Articles
“Feminine Discretion”
“Like a gold ring in a pig’s snout is a beautiful woman without discretion.”
(Proverbs 11:22)
This most vivid proverb is one of my all-time favorites because of the humorous mental picture it conjures. However, the lesson it teaches and its relevancy to our culture is no laughing matter.
Proverbs 11:22 invites us to imagine a beautiful and precious ornament, a golden ring. A ring made from such precious metal would be expensive, something to be worn for special occasions. Now imagine saving up for such a thing, taking it home and instead of wearing it yourself you slap it on a pig’s snout! No one will see the ring at an elegant celebration gilding the ears or nose of woman. Because a pig, not a woman, wears the ring, it will spend its life rooting around in mud and the excrement of its wearer. What a waste!
Wisdom calls us to compare that precious ring to a woman’s beauty. God created women with natural beauty. But that beauty, like all gifts from God, is sacred. Physical beauty is as powerful and deceptive as wealth. Like wealth, a woman’s outward beauty can betray her into trusting in it for security, purpose and self-worth. “Charm is deceitful and beauty is vain," wisdom says (Prov. 31:30a).
When a woman makes choices that reflect an improper understanding of her beauty she cheapens herself. She seeks for her identity in a corruptible physical characteristic. It is a futile endeavor. “A woman who fears the LORD is to be praised” (Prov. 31:30b) because she has found her value and purpose in her Creator who endowed her with an “imperishable beauty” (1 Pet. 3:4).

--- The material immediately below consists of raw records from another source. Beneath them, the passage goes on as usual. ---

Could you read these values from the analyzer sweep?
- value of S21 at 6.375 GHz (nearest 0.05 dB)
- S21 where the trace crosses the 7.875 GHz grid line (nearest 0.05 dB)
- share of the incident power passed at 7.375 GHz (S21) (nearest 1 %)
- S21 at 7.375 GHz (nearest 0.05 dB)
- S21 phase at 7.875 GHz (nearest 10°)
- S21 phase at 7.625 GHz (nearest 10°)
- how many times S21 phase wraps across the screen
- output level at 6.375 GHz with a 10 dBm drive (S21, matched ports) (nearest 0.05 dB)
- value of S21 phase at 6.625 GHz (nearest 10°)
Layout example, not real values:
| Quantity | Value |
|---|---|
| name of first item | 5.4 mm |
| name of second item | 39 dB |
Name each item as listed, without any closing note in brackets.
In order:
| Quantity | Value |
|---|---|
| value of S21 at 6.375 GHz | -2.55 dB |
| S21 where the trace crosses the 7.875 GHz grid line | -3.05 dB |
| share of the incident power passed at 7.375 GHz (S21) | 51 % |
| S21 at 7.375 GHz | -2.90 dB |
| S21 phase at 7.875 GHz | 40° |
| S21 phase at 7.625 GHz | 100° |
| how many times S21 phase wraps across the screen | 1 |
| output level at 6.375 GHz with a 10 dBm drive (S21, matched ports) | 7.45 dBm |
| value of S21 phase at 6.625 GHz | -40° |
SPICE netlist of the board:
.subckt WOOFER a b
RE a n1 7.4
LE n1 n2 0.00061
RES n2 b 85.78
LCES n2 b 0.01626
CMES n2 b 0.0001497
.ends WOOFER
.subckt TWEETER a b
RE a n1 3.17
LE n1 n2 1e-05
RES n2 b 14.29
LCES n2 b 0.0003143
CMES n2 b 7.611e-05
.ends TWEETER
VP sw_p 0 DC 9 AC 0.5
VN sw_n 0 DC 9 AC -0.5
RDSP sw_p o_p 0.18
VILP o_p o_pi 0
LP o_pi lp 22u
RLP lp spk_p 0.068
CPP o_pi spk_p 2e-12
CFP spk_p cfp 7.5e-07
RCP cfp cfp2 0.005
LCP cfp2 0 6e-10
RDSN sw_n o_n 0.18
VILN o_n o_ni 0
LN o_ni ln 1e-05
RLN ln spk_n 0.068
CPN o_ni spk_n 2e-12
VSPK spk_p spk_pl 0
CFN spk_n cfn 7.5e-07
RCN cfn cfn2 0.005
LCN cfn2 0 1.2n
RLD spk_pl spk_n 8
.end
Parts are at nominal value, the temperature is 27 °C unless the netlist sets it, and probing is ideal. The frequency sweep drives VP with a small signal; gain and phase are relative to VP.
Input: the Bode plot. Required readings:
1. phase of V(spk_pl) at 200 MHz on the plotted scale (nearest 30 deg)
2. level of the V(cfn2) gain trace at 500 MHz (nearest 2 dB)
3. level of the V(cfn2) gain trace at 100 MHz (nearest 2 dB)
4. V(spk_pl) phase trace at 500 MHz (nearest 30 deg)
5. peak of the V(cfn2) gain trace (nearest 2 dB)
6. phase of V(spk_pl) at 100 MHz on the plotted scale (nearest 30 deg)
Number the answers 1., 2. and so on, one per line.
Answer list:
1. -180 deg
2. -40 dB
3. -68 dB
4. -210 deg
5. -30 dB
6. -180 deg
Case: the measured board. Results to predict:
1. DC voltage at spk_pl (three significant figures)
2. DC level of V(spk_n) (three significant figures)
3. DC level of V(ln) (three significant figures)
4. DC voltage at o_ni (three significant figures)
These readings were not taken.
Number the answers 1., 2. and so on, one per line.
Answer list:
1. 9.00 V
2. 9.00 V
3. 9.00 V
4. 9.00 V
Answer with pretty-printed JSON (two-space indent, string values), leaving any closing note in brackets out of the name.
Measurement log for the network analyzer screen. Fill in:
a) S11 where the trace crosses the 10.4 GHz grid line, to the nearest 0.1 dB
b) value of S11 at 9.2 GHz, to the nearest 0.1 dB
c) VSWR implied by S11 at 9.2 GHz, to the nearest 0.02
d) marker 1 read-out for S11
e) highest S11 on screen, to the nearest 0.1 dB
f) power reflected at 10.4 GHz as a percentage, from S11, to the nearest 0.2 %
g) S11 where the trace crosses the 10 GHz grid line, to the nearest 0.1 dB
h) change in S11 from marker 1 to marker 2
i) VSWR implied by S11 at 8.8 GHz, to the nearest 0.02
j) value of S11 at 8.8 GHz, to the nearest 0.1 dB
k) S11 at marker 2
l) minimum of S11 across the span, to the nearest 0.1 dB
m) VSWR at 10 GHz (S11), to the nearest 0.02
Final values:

For a woman’s beauty to achieve its divine purpose it must be displayed with “discretion.” Like a precious ring in a pig’s snout, the attractiveness of a woman is nullified by her lack of discretion. A golden ornament and a pig are as incongruous as a beautiful woman who has no taste.The term “discretion” or “taste” (NET) can refer to physical taste (Ex. 16:31), intellectual discretion (1 Sam. 25:33) or ethical judgment (Psa. 119:66). Here, it probably means the latter. The proverb is describing a woman who has no moral sense of propriety or good taste. She puts her beauty to wrong uses.

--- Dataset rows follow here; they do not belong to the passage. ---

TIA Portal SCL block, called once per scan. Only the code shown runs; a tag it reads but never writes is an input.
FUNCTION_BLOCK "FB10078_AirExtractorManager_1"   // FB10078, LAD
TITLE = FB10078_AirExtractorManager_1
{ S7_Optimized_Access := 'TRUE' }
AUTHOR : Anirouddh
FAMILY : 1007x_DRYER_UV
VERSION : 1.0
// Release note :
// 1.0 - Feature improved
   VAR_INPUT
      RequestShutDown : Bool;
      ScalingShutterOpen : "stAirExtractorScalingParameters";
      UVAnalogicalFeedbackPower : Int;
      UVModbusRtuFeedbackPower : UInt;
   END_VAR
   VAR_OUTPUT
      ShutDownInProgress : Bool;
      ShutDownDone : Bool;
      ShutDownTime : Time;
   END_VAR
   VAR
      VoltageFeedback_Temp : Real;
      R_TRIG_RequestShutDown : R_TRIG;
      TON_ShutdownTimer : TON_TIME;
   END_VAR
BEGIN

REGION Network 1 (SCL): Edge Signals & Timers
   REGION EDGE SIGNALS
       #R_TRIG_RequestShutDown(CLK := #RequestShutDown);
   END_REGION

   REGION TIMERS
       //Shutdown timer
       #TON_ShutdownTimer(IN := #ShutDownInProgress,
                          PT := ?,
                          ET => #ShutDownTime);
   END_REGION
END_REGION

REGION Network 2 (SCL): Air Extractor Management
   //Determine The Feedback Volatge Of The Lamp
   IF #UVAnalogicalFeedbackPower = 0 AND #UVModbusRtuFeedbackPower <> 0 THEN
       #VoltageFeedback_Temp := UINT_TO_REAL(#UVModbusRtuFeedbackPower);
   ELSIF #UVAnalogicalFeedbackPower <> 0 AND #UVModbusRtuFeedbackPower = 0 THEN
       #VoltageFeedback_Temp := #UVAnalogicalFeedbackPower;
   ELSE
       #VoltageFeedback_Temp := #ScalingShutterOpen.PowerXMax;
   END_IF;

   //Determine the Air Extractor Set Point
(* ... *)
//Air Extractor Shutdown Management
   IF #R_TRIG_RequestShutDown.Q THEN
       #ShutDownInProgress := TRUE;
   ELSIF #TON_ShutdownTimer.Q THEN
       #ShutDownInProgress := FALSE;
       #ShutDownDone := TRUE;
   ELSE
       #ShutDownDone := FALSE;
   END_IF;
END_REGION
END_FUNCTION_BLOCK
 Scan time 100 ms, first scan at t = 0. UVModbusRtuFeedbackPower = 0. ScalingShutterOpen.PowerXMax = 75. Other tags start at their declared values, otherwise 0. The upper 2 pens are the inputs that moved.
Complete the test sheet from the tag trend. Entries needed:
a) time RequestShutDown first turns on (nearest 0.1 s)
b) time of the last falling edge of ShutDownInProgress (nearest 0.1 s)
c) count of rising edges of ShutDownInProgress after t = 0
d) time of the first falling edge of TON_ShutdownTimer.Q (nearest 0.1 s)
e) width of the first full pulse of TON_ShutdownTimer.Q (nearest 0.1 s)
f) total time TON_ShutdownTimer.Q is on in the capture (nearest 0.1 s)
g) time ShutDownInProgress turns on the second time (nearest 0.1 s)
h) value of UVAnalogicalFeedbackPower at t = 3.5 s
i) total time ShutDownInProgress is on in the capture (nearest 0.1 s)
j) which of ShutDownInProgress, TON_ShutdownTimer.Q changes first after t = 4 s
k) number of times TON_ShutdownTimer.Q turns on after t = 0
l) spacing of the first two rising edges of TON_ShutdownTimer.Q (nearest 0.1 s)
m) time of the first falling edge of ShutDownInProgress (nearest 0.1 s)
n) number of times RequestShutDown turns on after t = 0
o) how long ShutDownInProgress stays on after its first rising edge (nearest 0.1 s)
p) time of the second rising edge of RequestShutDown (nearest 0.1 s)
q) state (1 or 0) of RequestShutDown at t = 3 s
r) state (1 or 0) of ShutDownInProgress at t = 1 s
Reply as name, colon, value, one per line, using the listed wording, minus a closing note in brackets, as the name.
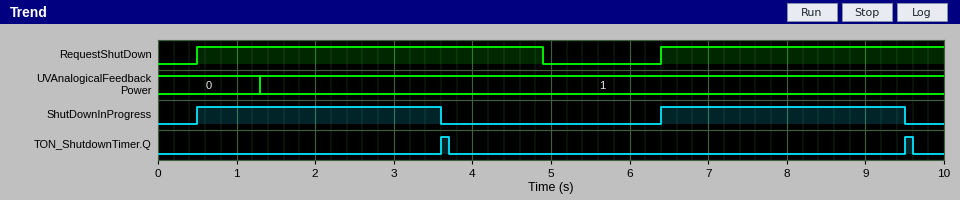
time RequestShutDown first turns on: 0.5 s
time of the last falling edge of ShutDownInProgress: 9.5 s
count of rising edges of ShutDownInProgress after t = 0: 2
time of the first falling edge of TON_ShutdownTimer.Q: 3.7 s
width of the first full pulse of TON_ShutdownTimer.Q: 0.1 s
total time TON_ShutdownTimer.Q is on in the capture: 0.2 s
time ShutDownInProgress turns on the second time: 6.4 s
value of UVAnalogicalFeedbackPower at t = 3.5 s: 1
total time ShutDownInProgress is on in the capture: 6.2 s
which of ShutDownInProgress, TON_ShutdownTimer.Q changes first after t = 4 s: ShutDownInProgress
number of times TON_ShutdownTimer.Q turns on after t = 0: 2
spacing of the first two rising edges of TON_ShutdownTimer.Q: 5.9 s
time of the first falling edge of ShutDownInProgress: 3.6 s
number of times RequestShutDown turns on after t = 0: 2
how long ShutDownInProgress stays on after its first rising edge: 3.1 s
time of the second rising edge of RequestShutDown: 6.4 s
state (1 or 0) of RequestShutDown at t = 3 s: 1
state (1 or 0) of ShutDownInProgress at t = 1 s: 1
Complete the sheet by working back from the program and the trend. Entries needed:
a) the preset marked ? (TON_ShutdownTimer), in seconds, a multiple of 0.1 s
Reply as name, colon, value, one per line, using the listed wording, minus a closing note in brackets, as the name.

the preset marked ? (TON_ShutdownTimer), in seconds, a multiple of 0.1 s: 3.0 s
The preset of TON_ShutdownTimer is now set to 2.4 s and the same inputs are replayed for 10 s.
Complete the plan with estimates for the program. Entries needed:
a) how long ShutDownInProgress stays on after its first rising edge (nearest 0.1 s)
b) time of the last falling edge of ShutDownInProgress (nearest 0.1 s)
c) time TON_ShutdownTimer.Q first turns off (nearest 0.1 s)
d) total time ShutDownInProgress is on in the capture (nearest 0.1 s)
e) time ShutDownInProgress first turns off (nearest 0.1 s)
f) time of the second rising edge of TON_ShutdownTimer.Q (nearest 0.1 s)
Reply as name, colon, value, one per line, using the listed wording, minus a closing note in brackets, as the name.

how long ShutDownInProgress stays on after its first rising edge: 2.5 s
time of the last falling edge of ShutDownInProgress: 8.9 s
time TON_ShutdownTimer.Q first turns off: 3.1 s
total time ShutDownInProgress is on in the capture: 5.0 s
time ShutDownInProgress first turns off: 3.0 s
time of the second rising edge of TON_ShutdownTimer.Q: 8.9 s
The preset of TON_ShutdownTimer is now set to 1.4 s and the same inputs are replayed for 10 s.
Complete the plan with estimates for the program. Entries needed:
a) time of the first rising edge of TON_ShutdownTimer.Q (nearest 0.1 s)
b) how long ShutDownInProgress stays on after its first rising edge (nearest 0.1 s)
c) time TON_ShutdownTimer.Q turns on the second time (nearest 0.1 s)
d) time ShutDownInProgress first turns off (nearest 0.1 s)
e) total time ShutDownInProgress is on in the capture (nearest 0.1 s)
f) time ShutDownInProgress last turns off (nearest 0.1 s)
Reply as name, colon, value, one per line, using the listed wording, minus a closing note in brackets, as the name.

time of the first rising edge of TON_ShutdownTimer.Q: 2.0 s
how long ShutDownInProgress stays on after its first rising edge: 1.5 s
time TON_ShutdownTimer.Q turns on the second time: 7.9 s
time ShutDownInProgress first turns off: 2.0 s
total time ShutDownInProgress is on in the capture: 3.0 s
time ShutDownInProgress last turns off: 7.9 s

In this age of digital-hyper-documentation, a woman’s online media presence can easily turn into a 24-7 fashion show. Young women already feel pressured by society to look a certain way and when they can't live up to this unrealistic and unattainable standard, they develop low self-esteem and an unhealthy self-image. Couple that with fathers shirking their responsibility to guide their daughters to a correct view of themselves and you have a cocktail for disaster.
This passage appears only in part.